Information:

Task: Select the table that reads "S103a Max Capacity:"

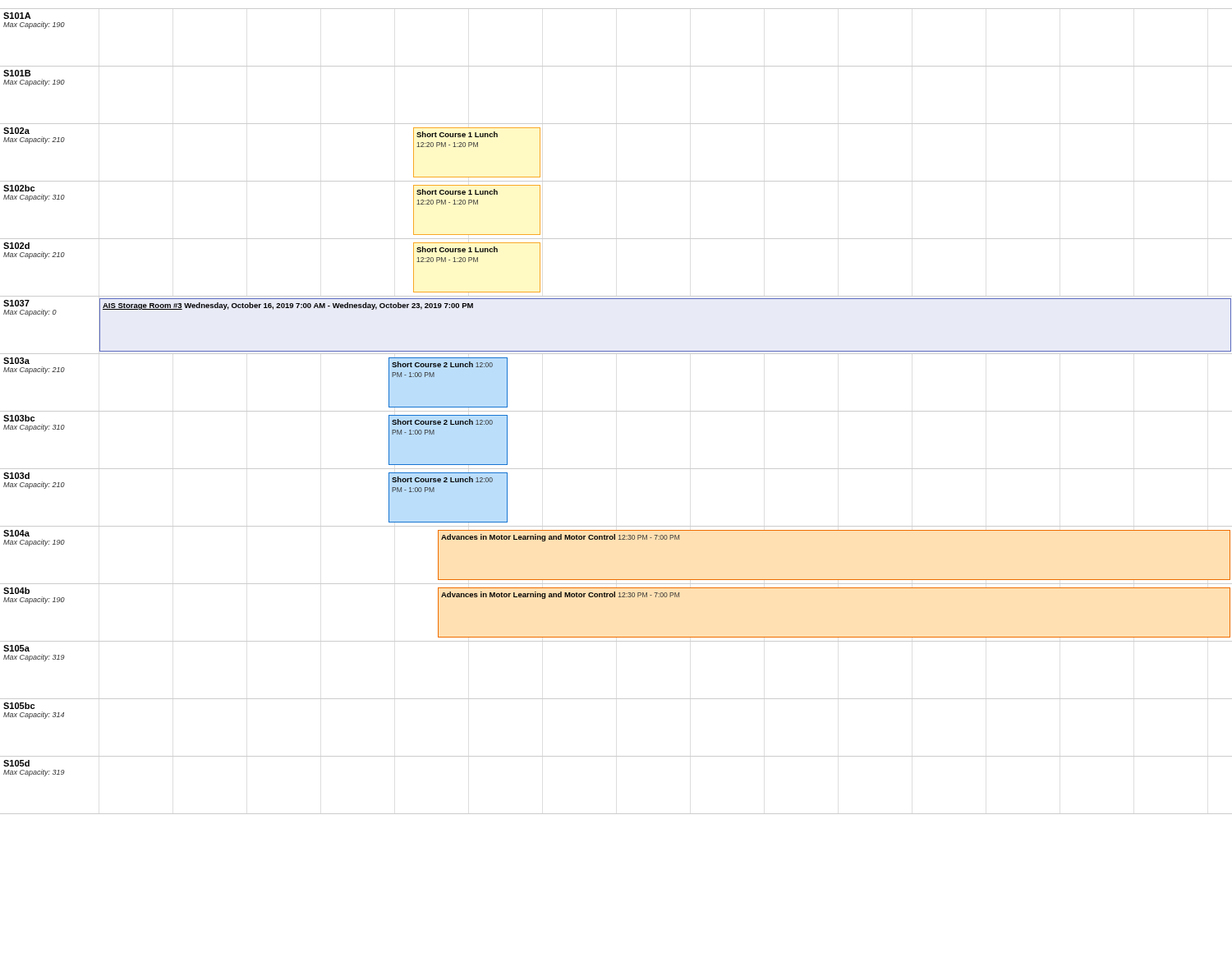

---

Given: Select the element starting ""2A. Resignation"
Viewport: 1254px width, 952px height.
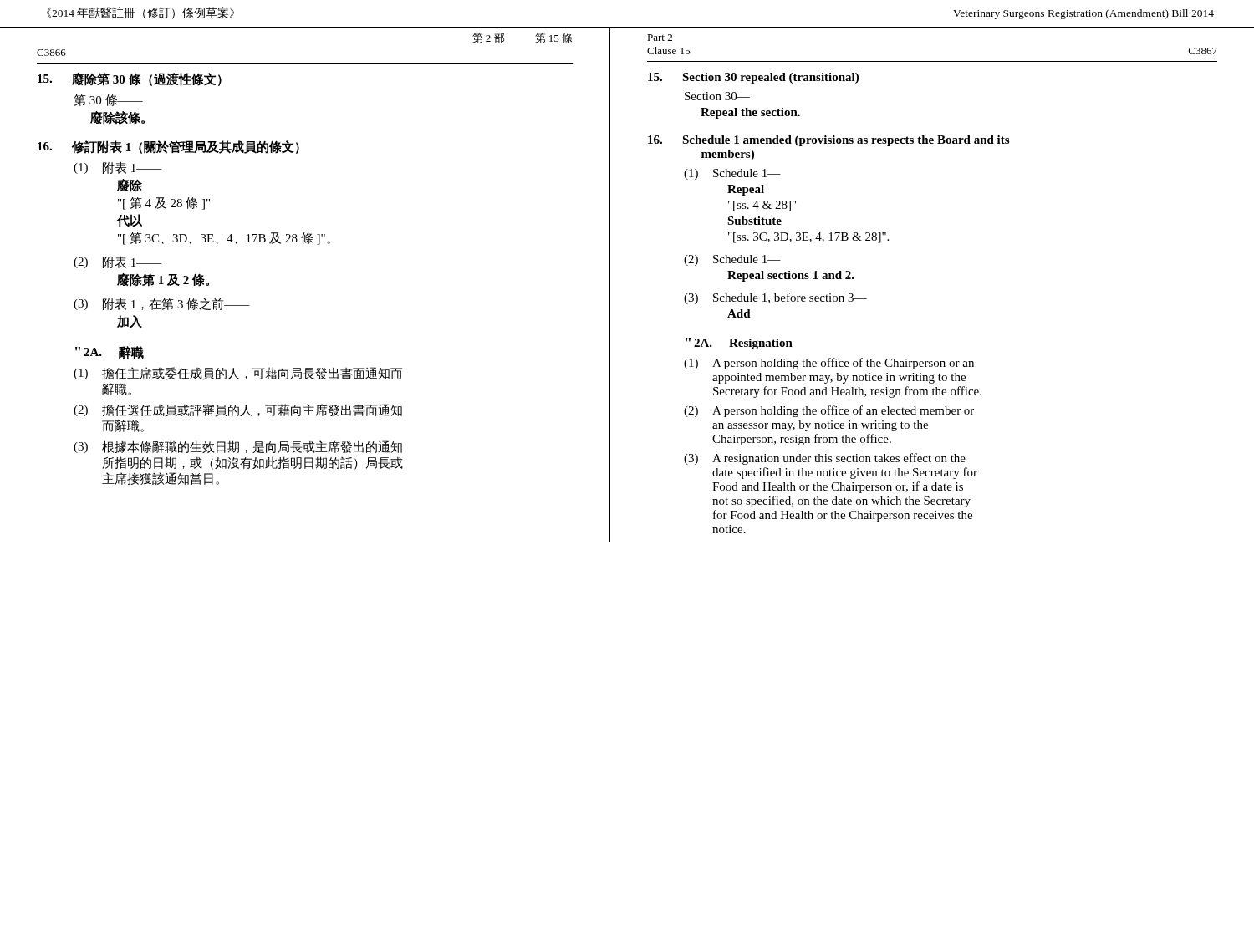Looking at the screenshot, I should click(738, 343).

* * *

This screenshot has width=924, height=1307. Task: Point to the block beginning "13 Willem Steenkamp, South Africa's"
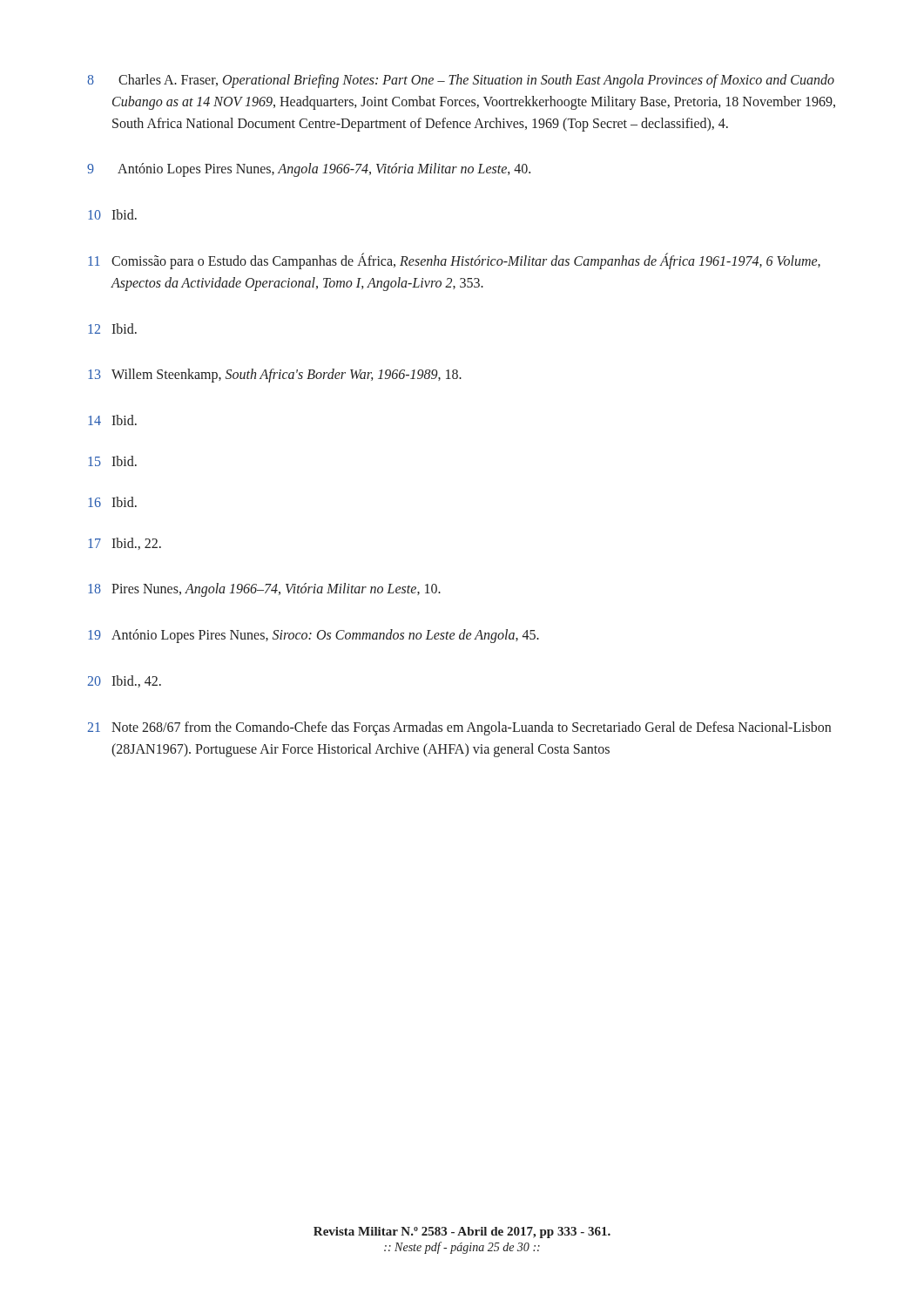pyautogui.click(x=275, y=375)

Exercise requirements: Each line containing the word "Select" needs to be copied from the data above.

Result of this task:
Task: Select the table that reads "S103a Max Capacity:"
Given: Select the element starting ""2A. Resignation"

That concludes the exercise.